# greyish algae bloom



## Magoo (Mar 1, 2006)

I've been dealing with an algae bloom for about seven days now. I was wondering whats the longest that this could go on for? 

Jeff


----------



## Laith (Sep 4, 2004)

That depends on many things:

Size of tank
Amount of light
CO2?
Plant density?
fertilization routine?
Description of algae...

etc...

If you give us some more info on the above, we'd be better positioned to give some answers.

And welcome to APC!


----------



## Magoo (Mar 1, 2006)

First off, thanks for the welcome!!! Now about the tank.

50 Gallon
3.8 wpg compact flourescent
DIY co2 (20-30 ppm) Pressurized coming in about two weeks :dance: 
I fertilize using EI but check nitrates and phosphates weekly
The algae looks like little grey specs of debree

I actually thought that it was debree at first but I vaccumed the tank well and it is still lingering. I also do 50-60% water changes weekly.

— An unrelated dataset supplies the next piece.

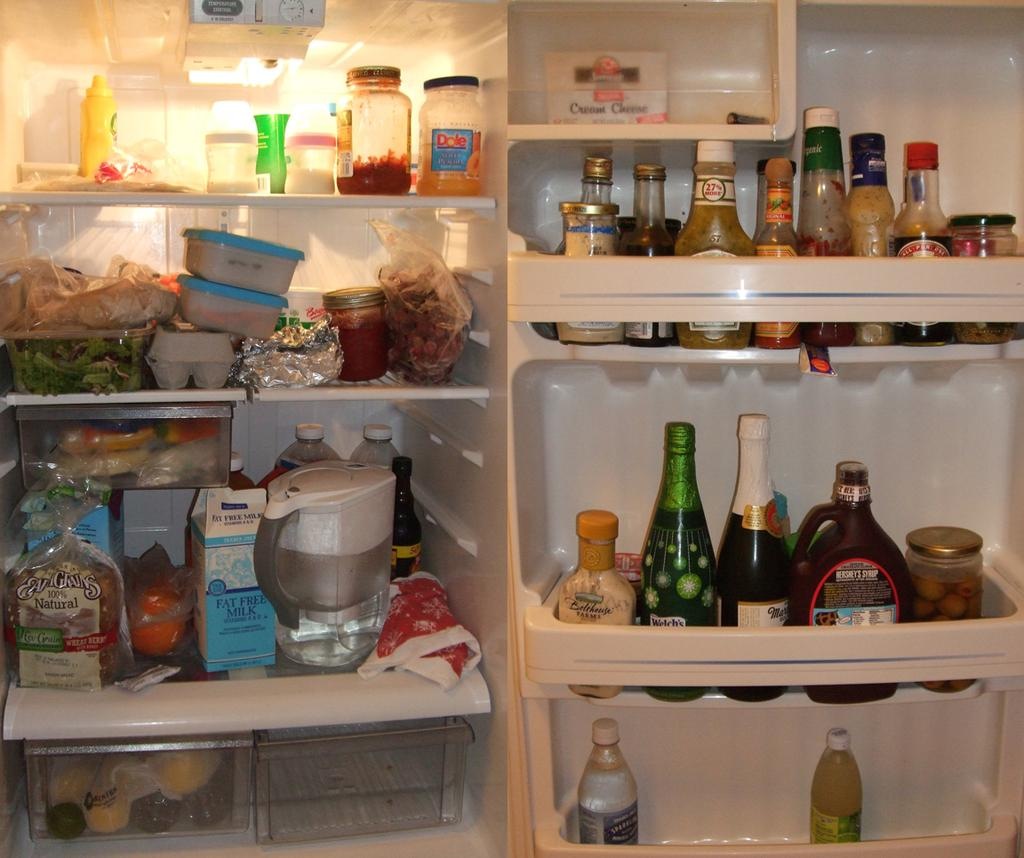<image>
Provide a brief description of the given image. a fridge that's open that has a fat free milk container on it

I have an eheim 2224 filter and a 175 GPH powerhead with sponge filter. There are about 15 red platties, 10 Cardinal tetras, 3 Albino Cory's and 2 Clown Loaches. The tank is four weeks new and growing great with good plant density. Here is a pic.

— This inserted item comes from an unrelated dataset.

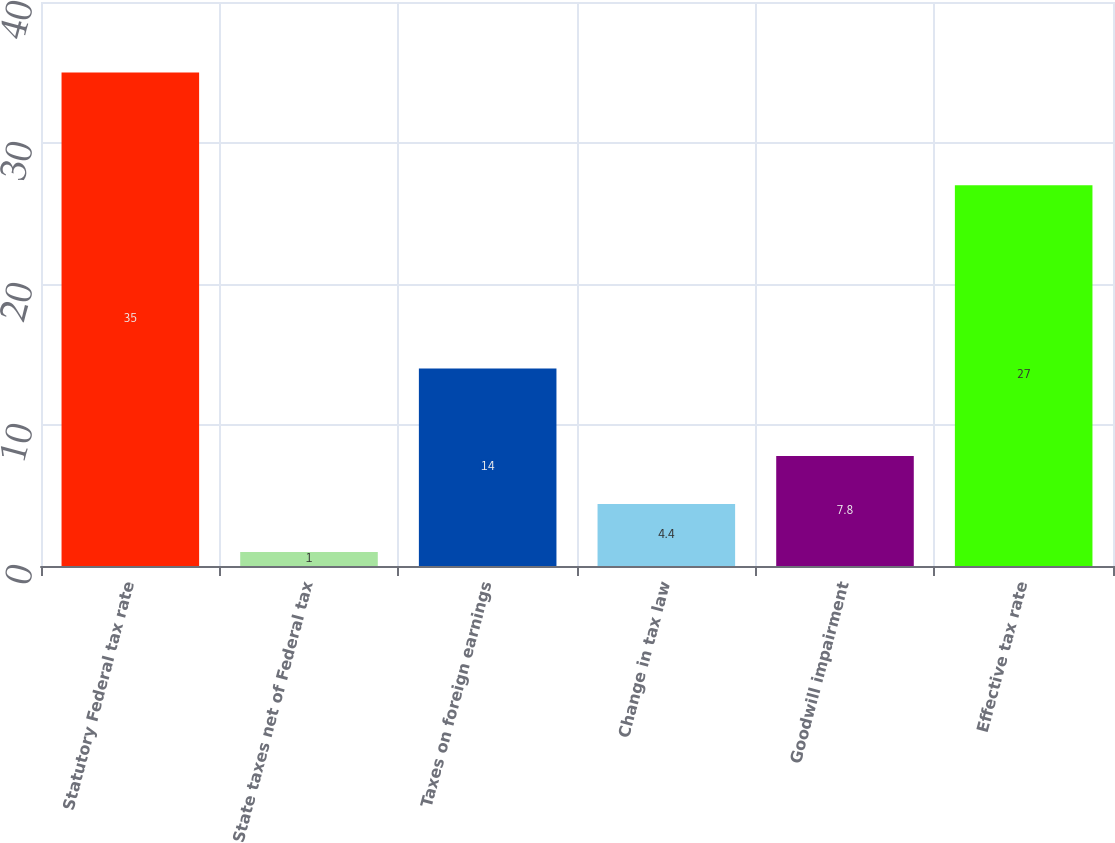<chart> <loc_0><loc_0><loc_500><loc_500><bar_chart><fcel>Statutory Federal tax rate<fcel>State taxes net of Federal tax<fcel>Taxes on foreign earnings<fcel>Change in tax law<fcel>Goodwill impairment<fcel>Effective tax rate<nl><fcel>35<fcel>1<fcel>14<fcel>4.4<fcel>7.8<fcel>27<nl></chart>

Thanks for your help :loco: 
Jeff


----------



## Laith (Sep 4, 2004)

Must have missed your response!

How are you dosing NO3 and PO4? and how much?

Nice tank...


----------



## Magoo (Mar 1, 2006)

I dose using dry ferts from greg watson's site. I shoot for 15-20 ppm of nitrate and about 2 ppm phosphate. The algae lessens after a major water change but intensifies as the week goes on.

I think the tank needs a major aquascape change but I am waiting until at least 8 weeks in. plus co2 tanks and a 20-24" piece of driftwood will be in by the end of the week!! (I'm just too excited)

Jeff


----------



## Laith (Sep 4, 2004)

I think the pressurized CO2 will help a lot. DIY CO2 on a 50g is tough to keep consistent and in the right range. And low/inconsistent CO2 is one of the major causes of algae in well lit tanks.

Are you dosing micros (Iron and traces)? How long are you keeping the lights on for?

Other than that, your tank is still pretty new. Give it another couple of weeks with the pressurized CO2 and as it matures and as long as you give the plants sufficient nutrients the algae may go away by itself.


----------